One Good Verne
Deserves Another
Invention For Destruction
aka Vynález zkázy
aka The Fabulous
World Of Jules Verne
Czechoslovakia 1958
Directed by Karel Zeman
Second Run Blu Ray Zone A/B/C
Invention For Destruction is the second Karel Zeman film I’ve seen in a couple of weeks and, once again, I’m pretty impressed. This one sees the Czechoslovakian surrealist going more and more artificial with his world view and I can see how future directors such as Terry Gilliam and Wes Anderson (bringing the Zissou) may well have been influenced by his style.
It’s based on For the Flag, a novel by Jules Verne (one of my favourite writers although, I have to say, I’ve not read this one) and while I was initially disappointed that the director had chosen to shoot this in black and white, I soon realised this is because the whole film is supposed to look like one of the original woodcut illustrations of that book come to life.
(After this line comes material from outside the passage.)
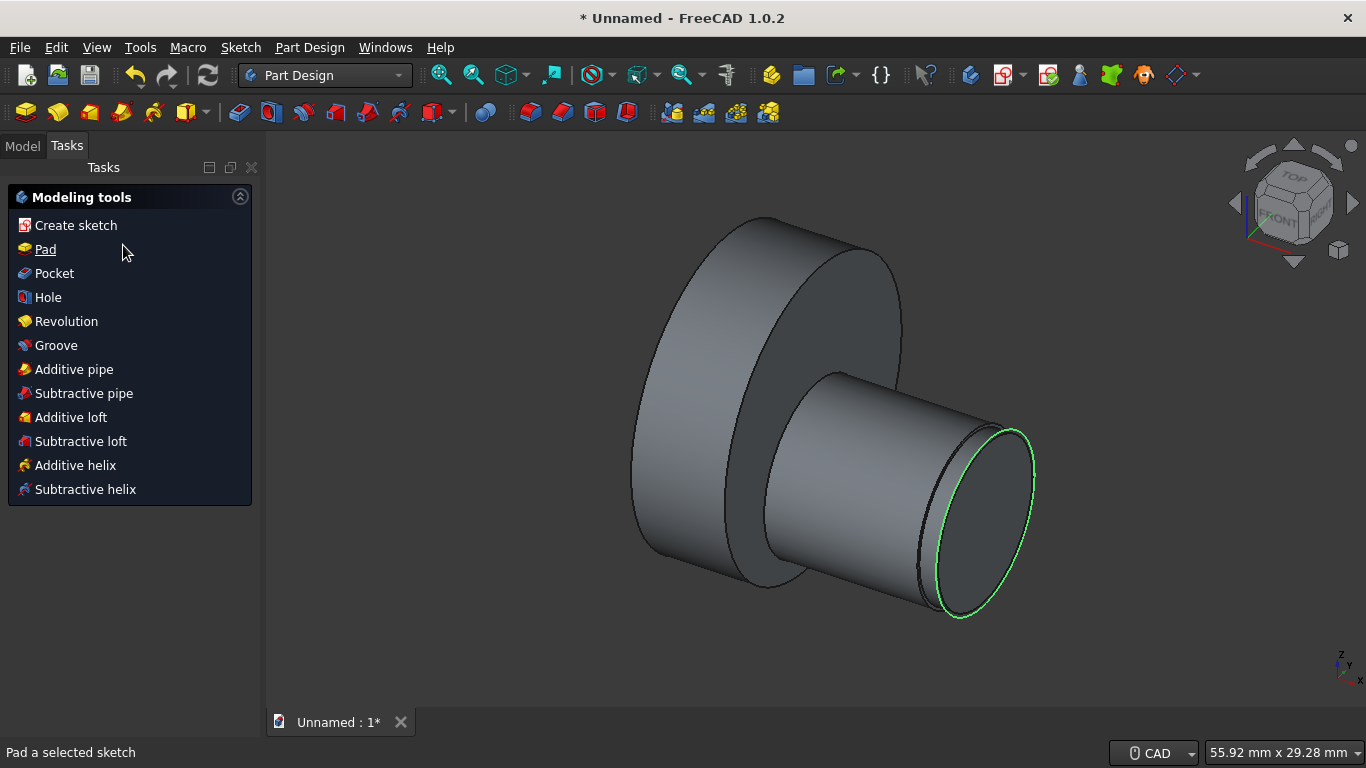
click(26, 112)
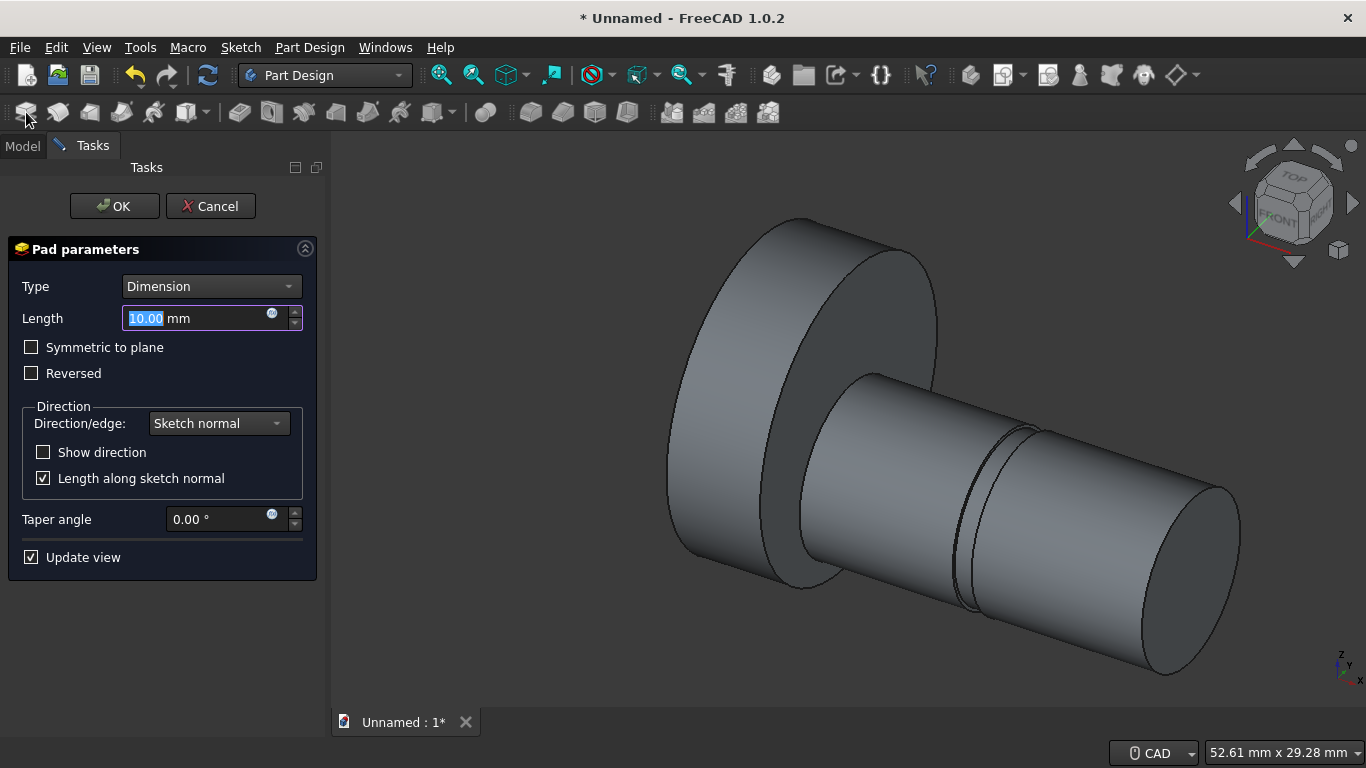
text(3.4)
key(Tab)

So it was filmed in Zeman’s brilliant hodge-podge process which was energetically touted at the time as mysti-mation. Frankly, mysti-mation is about as useful and honest a movie making bit of hyperbole as terms like Tohoscope, Supermarionation or Dynamation but, that’s okay, I love silly terms like this and can’t get enough of them.
So basically, the film is a combination of stop motion animation, puppetry, flat cut out illustrations and live action on sets made to look like those illustrations. And I have to say, it’s so well done that I was completely taken in, at first, as to how the man managed to get the actors to move around the drawings without any matte lines or whatever showing. It was only after a minute or two, when I realised a shadow was being cast by an actor's arm on the drawings, that I realised that a lot of it was a built set with giant sized versions of the illustrated cut outs for the actors to move around in. Also, there are clever and cost effective combinations where some of the cutouts in, say, the foreground layers of the frames are obviously smaller drawings put in front of the sets and actors before the camera and, well, it somehow all looks like it’s the same scale, or certainly gives the illusion of it. It can’t have been easy to do to get all those crosshatched lines and details to match up as well as they do here. There’s some amazing sets with a wonderful homage, at one point, to a certain shot in Eisenstein’s Battleship Potemkin (no, not the shot you’re immediately thinking of when I say that) and the costumes worn by the actors and actresses are wonderfully flat and patterned and also completely blend in with the wonderful sets and illustrations (the sets and costumes were painted with the lines from specially made roller brushes).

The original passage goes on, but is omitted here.